Elle voulait aider juste sa fille : le Fisc repère le virement non-déclaré, ce don lui a coûté une fortune
Une ancienne notaire révèle une histoire qui en dit long sur le sujet..
En 2017, Marine achète un appartement de 40 mètres carrés à Montpellier pour 240 000 euros. Sa mère, Sandrine, lui fait un virement bancaire de 30 000 euros pour l’aider à payer l’apport. À l’époque, Sandrine ne déclare pas ce don manuel à l’administration fiscale, pensant que cette formalité n’est pas nécessaire. Un don manuel désigne un transfert d’argent ou de biens entre particuliers, sans acte notarié. Contrairement aux idées reçues, ces dons doivent être déclarés au fisc, sous peine de sanctions. Sandrine décède du Covid-19 en 2020, sans que Marine ne mentionne ce virement lors de la succession.
En 2022, l’administration fiscale (Fisc) découvre le don non déclaré de 30 000 euros en analysant les comptes bancaires de Sandrine. Cette révélation entraîne des tensions familiales entre Marine et ses deux frères et sœurs. Le fisc réclame alors aux héritiers plus de 7 000 euros, incluant les pénalités et les intérêts de retard. Ces sommes réduisent le montant total de la succession. Les sanctions pour non-déclaration d’un don manuel sont particulièrement lourdes en cas de contrôle fiscal, car elles visent à lutter contre la fraude.

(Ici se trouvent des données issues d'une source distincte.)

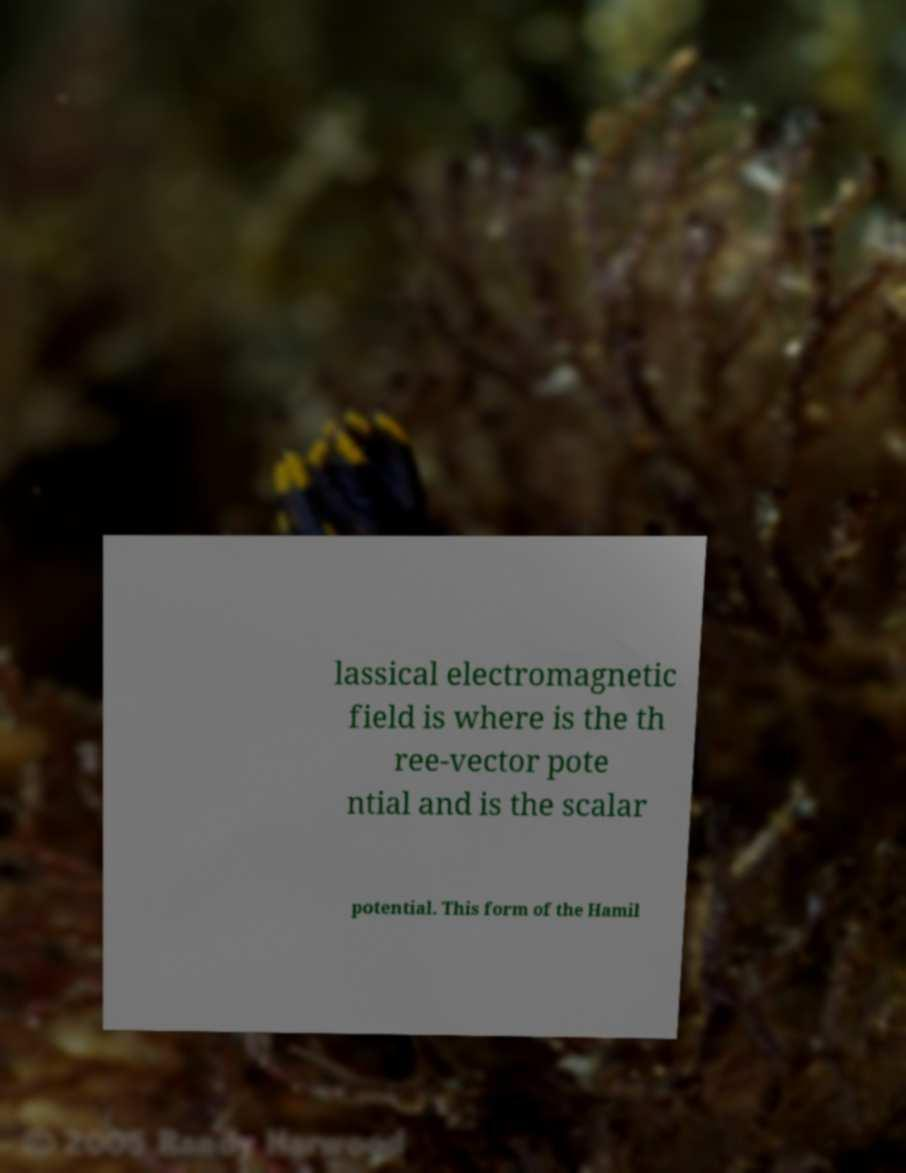Please identify and transcribe the text found in this image. lassical electromagnetic field is where is the th ree-vector pote ntial and is the scalar potential. This form of the Hamil

Jusqu’au 1er janvier 2026, les contribuables recevant un don manuel devaient remplir un formulaire papier (cerfa 2735) et le transmettre aux impôts, le cas échéant avec le paiement des droits de donation. Depuis cette date, une nouvelle règle est entrée en vigueur : la déclaration doit obligatoirement être effectuée en ligne via l’espace personnel du site impots.gouv.fr, en utilisant le télépaiement. Cette réforme vise à renforcer les contrôles et à limiter les fraudes grâce à des algorithmes plus performants. Le décret 2025-1082 du 17 novembre 2025 officialise cette obligation.
Le cas de Marine illustre les risques encourus en cas de non-respect des obligations fiscales. Le fisc a réclamé 7 000 euros aux héritiers, une somme composée des droits de donation non payés, des pénalités pour déclaration tardive et des intérêts de retard. Ces montants peuvent varier selon le montant du don et le délai de déclaration. Pour éviter de telles situations, il est conseillé de se renseigner auprès des services fiscaux ou d’un notaire avant d’effectuer un don manuel. Les tensions familiales générées par cette affaire soulignent aussi l’importance de la transparence dans les successions.

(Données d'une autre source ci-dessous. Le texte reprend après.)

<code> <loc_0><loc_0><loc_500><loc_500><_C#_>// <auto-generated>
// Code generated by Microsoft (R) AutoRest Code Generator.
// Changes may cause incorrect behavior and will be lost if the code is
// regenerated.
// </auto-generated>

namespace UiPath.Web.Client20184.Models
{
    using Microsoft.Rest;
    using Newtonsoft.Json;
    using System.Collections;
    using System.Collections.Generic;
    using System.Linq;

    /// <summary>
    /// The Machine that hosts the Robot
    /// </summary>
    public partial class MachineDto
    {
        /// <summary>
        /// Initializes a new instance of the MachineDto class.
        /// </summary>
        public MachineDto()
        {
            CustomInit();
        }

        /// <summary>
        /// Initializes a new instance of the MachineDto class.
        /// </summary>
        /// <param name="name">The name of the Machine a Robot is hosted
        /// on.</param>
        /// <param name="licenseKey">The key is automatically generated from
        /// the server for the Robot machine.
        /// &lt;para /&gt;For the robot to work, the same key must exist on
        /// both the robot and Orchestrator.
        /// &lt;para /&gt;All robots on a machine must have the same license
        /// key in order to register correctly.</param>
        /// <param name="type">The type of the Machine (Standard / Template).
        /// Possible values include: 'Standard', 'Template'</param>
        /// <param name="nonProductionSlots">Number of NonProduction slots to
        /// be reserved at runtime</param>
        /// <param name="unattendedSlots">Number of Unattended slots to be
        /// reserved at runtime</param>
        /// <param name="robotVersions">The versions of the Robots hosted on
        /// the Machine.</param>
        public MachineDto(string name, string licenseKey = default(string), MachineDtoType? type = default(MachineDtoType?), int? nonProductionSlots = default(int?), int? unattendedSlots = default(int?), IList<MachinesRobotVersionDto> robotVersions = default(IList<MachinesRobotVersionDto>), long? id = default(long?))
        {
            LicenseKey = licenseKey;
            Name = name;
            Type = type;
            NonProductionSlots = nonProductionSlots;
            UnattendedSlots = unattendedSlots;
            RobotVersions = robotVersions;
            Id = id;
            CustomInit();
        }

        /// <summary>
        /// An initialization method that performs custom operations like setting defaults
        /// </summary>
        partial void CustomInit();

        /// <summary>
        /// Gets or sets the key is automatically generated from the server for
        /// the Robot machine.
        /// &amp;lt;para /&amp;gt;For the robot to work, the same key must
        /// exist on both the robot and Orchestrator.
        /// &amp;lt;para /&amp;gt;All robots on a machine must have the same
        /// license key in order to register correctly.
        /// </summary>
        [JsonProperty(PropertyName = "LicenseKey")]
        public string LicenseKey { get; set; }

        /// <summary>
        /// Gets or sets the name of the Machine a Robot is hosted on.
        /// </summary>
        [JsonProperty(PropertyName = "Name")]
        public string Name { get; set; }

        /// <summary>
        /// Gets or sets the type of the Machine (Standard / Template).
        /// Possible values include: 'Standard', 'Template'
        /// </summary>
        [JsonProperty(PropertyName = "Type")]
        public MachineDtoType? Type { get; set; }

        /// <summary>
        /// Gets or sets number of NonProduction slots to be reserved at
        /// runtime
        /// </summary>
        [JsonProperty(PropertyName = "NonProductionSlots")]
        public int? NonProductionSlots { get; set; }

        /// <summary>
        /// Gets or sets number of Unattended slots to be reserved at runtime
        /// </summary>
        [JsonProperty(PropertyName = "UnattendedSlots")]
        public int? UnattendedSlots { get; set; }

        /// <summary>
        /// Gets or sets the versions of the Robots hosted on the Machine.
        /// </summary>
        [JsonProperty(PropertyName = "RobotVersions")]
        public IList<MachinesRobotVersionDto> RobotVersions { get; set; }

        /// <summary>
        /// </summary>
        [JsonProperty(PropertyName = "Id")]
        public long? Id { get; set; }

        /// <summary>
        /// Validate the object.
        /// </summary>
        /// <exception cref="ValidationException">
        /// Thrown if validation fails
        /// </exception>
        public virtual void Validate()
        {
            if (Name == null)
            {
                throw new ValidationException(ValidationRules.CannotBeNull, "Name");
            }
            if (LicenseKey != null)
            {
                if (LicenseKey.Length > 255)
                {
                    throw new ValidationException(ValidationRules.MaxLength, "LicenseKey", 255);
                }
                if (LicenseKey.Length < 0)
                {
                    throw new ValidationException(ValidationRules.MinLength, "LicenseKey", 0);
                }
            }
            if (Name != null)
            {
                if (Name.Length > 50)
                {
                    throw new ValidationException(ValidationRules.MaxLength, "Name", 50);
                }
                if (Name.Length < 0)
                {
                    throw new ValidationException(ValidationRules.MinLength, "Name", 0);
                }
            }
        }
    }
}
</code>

Pour déclarer un don manuel depuis 2026, il suffit de se connecter à son espace personnel sur *impots.gouv.fr* et de remplir le formulaire en ligne. Même si le don est inférieur au seuil d’imposition (100 000 euros par parent et par enfant tous les 15 ans en France), il doit être déclaré. En cas de doute, il est préférable de consulter un expert-comptable ou un notaire. Une déclaration tardive ou incomplète peut entraîner des pénalités, comme le montre l’exemple de Sandrine et Marine. Ces démarches, bien que contraignantes, permettent d’éviter des litiges coûteux et des conflits familiaux.